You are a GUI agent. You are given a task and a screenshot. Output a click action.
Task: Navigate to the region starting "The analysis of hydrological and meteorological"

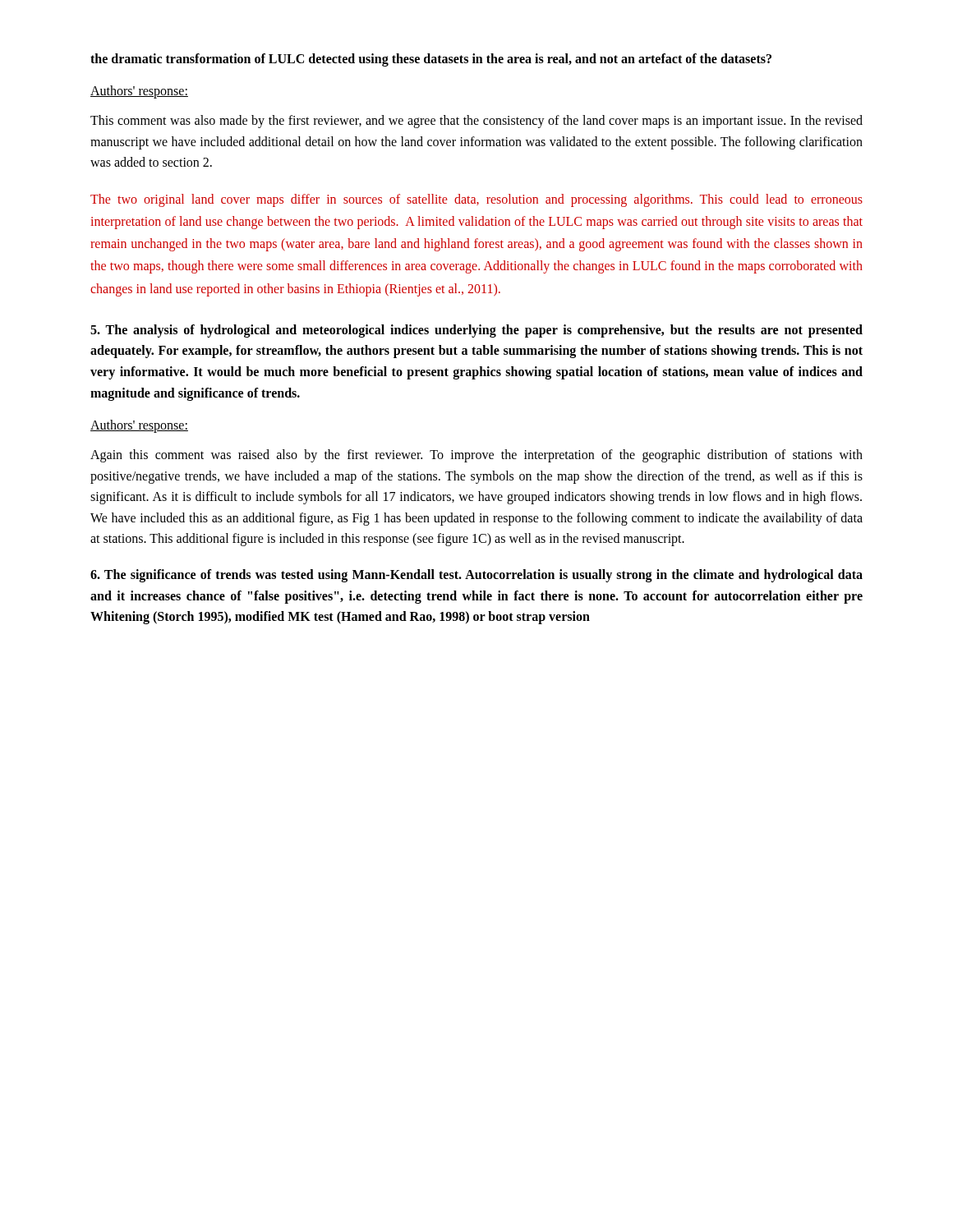click(x=476, y=361)
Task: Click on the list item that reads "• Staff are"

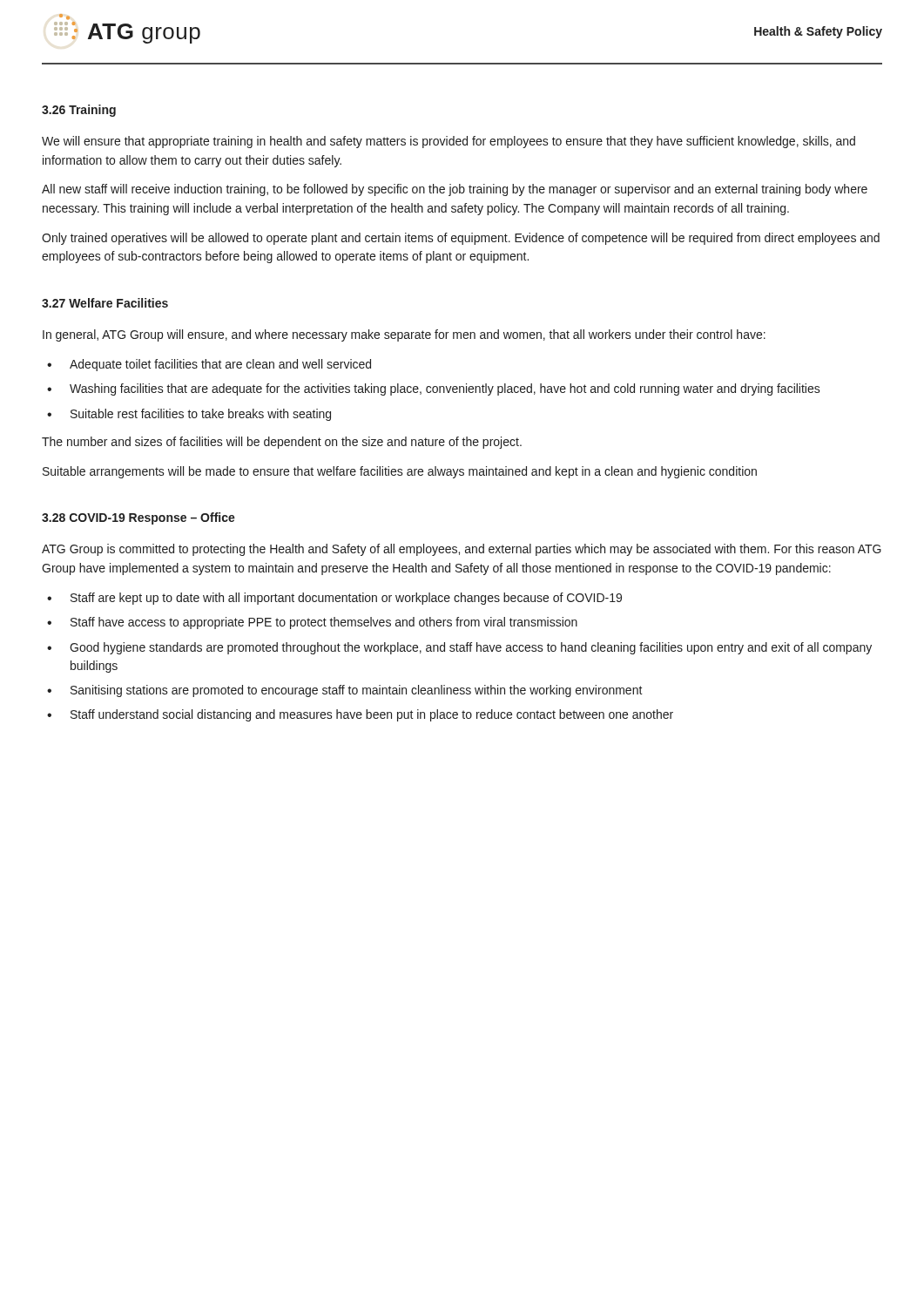Action: [x=335, y=599]

#####

From the first line to the last, copy the records exactly and skip the pictures.

**Task output:**
You are a GUI agent. You are given a task and a screenshot. Output a click action.
Task: Navigate to the region starting "The analysis of hydrological and meteorological"

click(x=476, y=361)
Task: Click on the list item that reads "• Staff are"

Action: [x=335, y=599]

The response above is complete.